(Beginning of TASK MATERIAL)

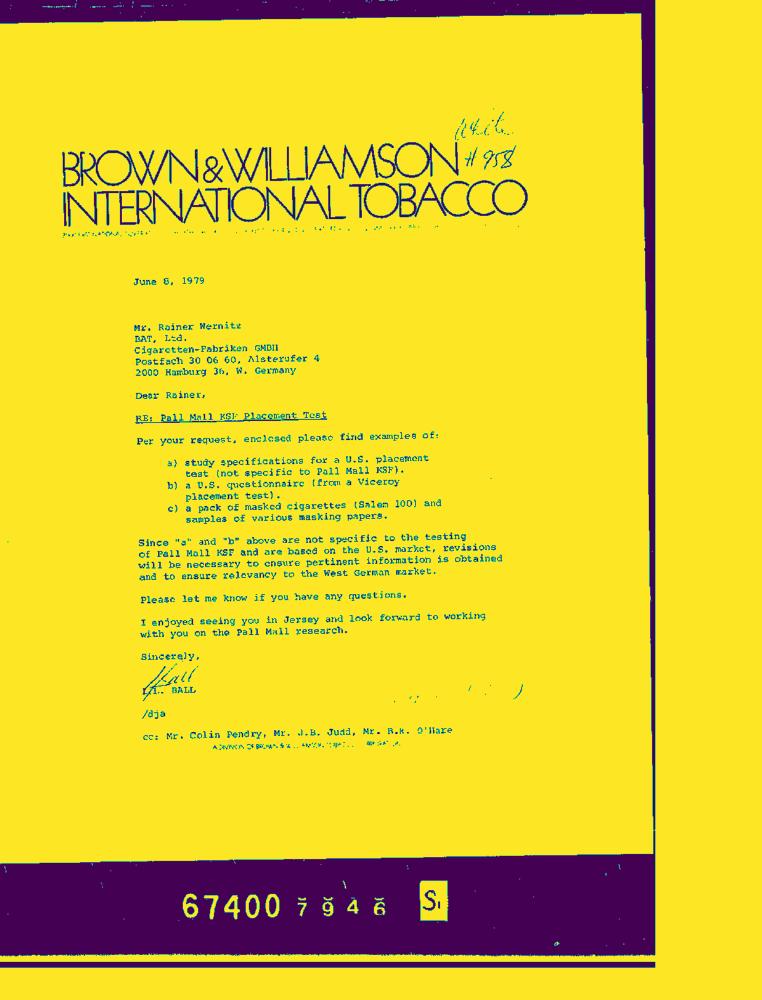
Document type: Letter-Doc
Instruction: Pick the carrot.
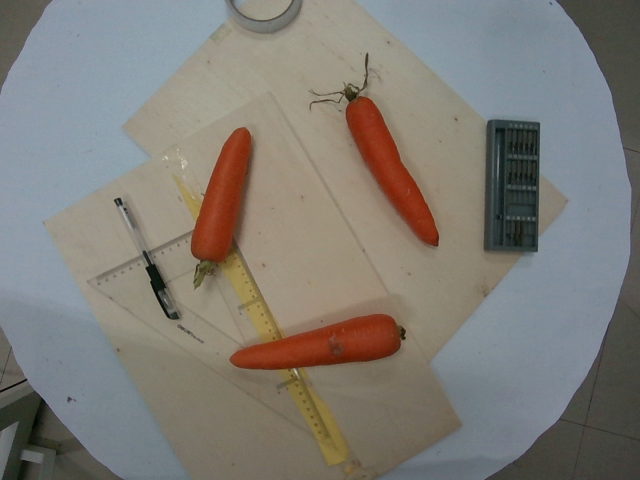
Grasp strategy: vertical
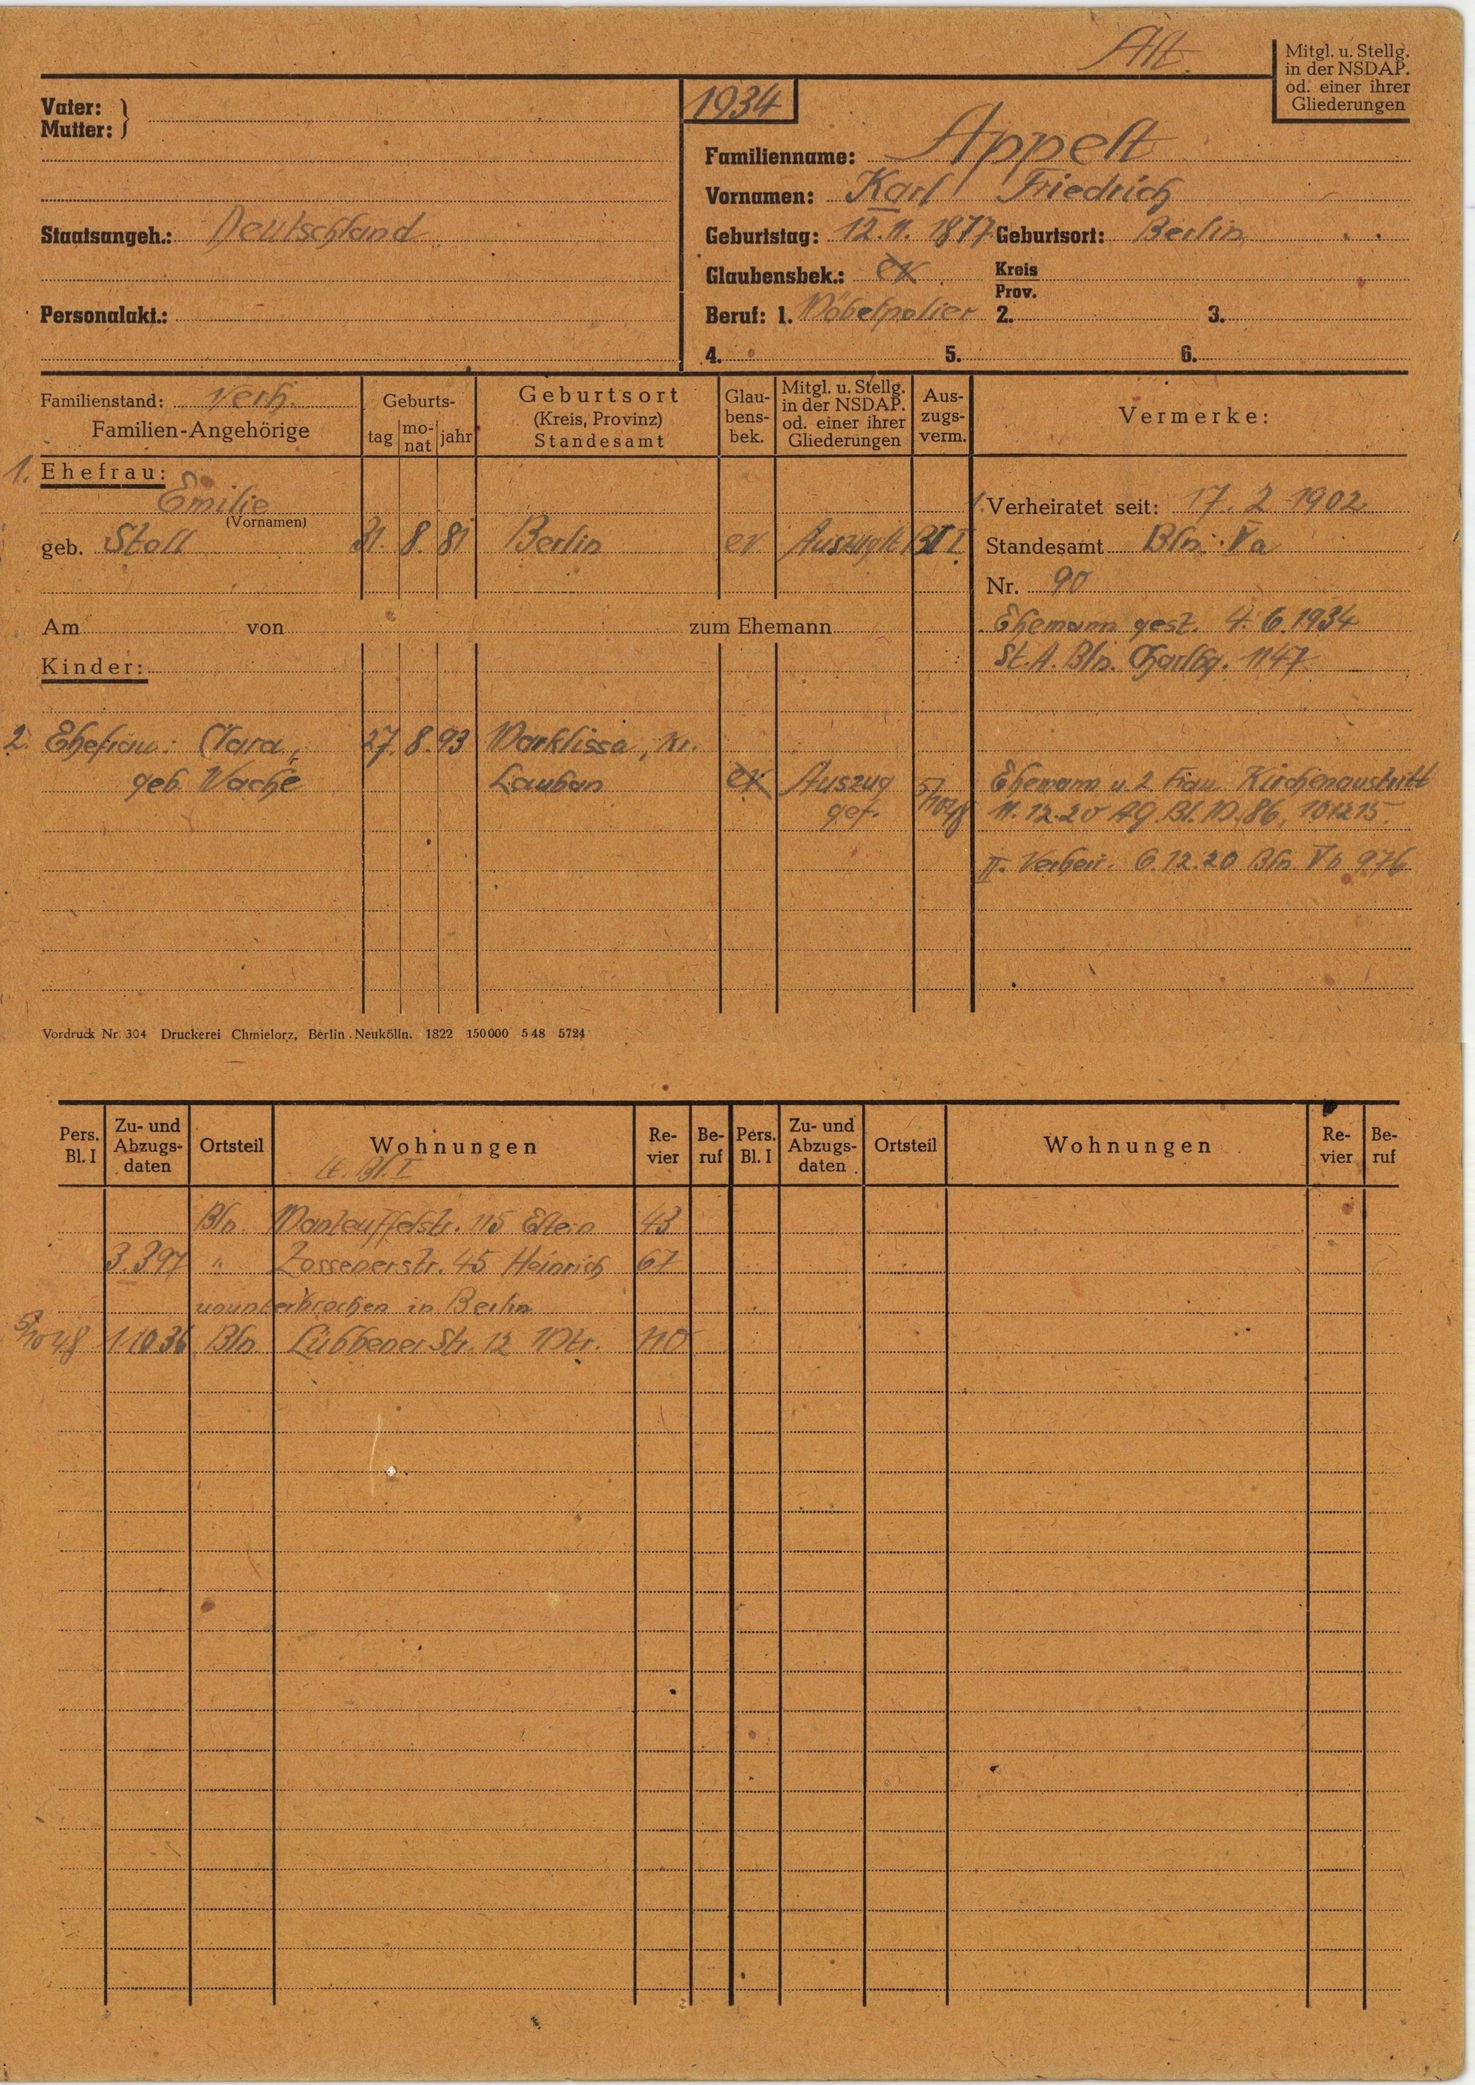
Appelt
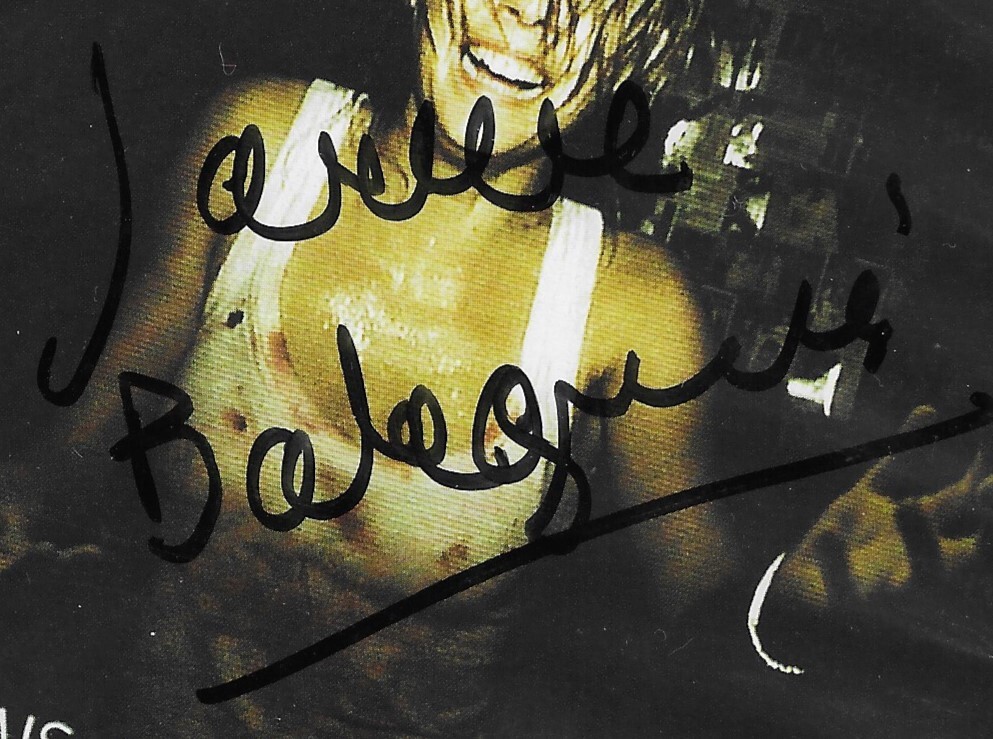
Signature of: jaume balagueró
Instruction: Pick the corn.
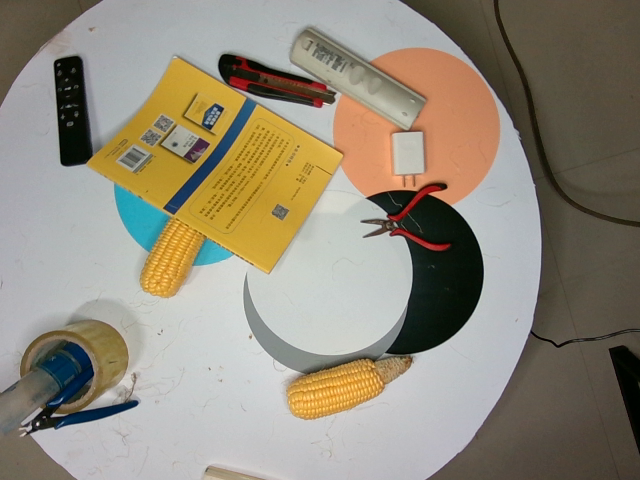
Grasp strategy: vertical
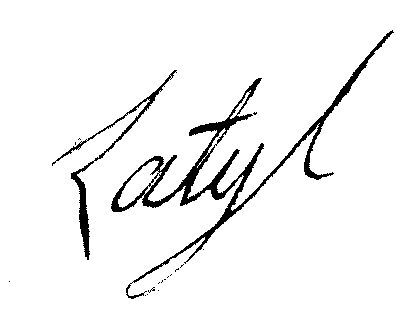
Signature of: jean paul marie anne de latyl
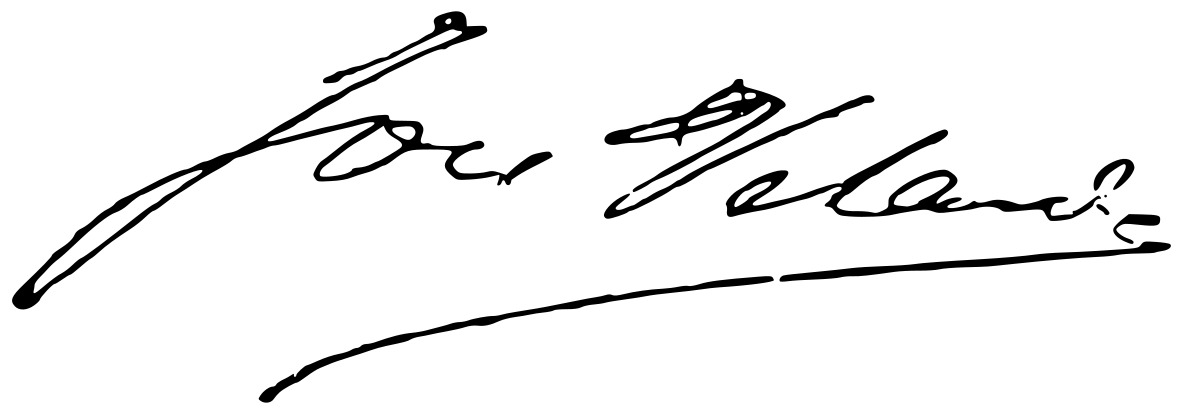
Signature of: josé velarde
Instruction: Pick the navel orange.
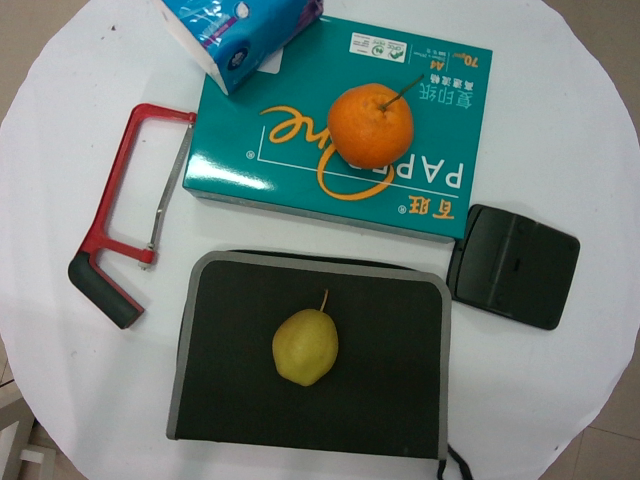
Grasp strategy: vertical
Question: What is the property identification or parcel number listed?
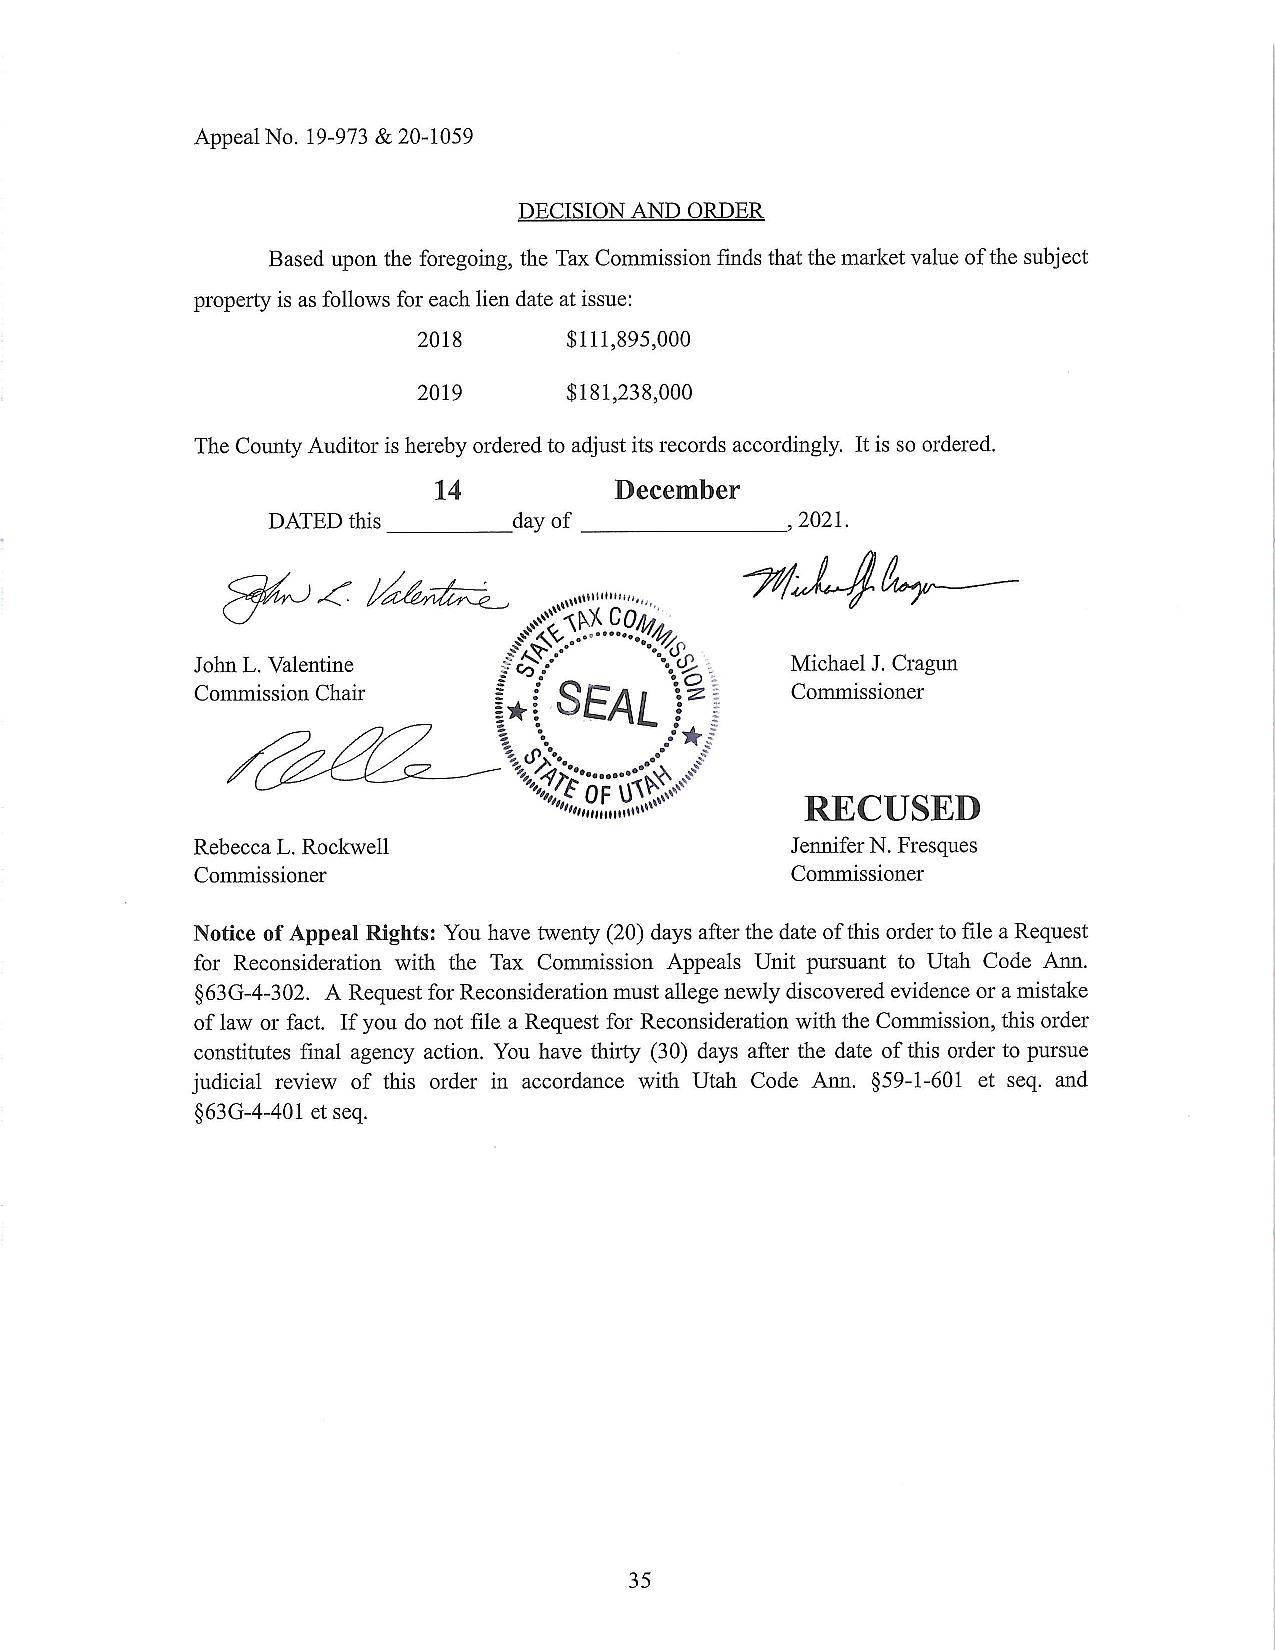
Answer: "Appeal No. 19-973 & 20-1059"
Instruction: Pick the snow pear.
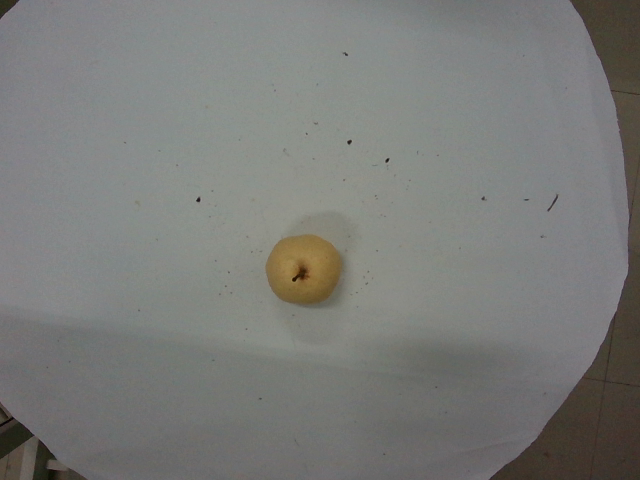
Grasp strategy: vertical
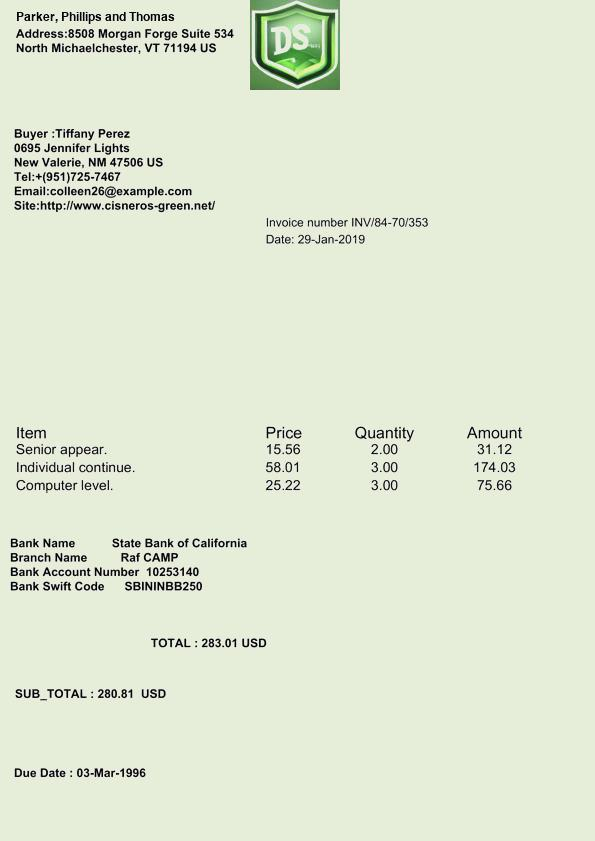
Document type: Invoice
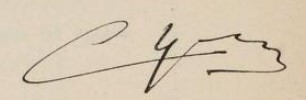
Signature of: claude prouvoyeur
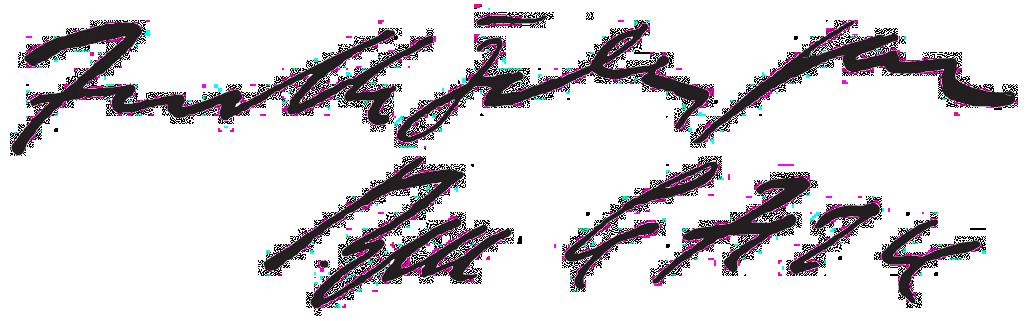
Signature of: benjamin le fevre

(End of TASK MATERIAL)

§ TASK
In repeating the entries, exclude the pictures and alter nothing else.

§ RESULT BELOW
Document type: Letter-Doc
Instruction: Pick the carrot.
Grasp strategy: vertical
Appelt
Signature of: jaume balagueró
Instruction: Pick the corn.
Grasp strategy: vertical
Signature of: jean paul marie anne de latyl
Signature of: josé velarde
Instruction: Pick the navel orange.
Grasp strategy: vertical
Question: What is the property identification or parcel number listed?
Answer: "Appeal No. 19-973 & 20-1059"
Instruction: Pick the snow pear.
Grasp strategy: vertical
Document type: Invoice
Signature of: claude prouvoyeur
Signature of: benjamin le fevre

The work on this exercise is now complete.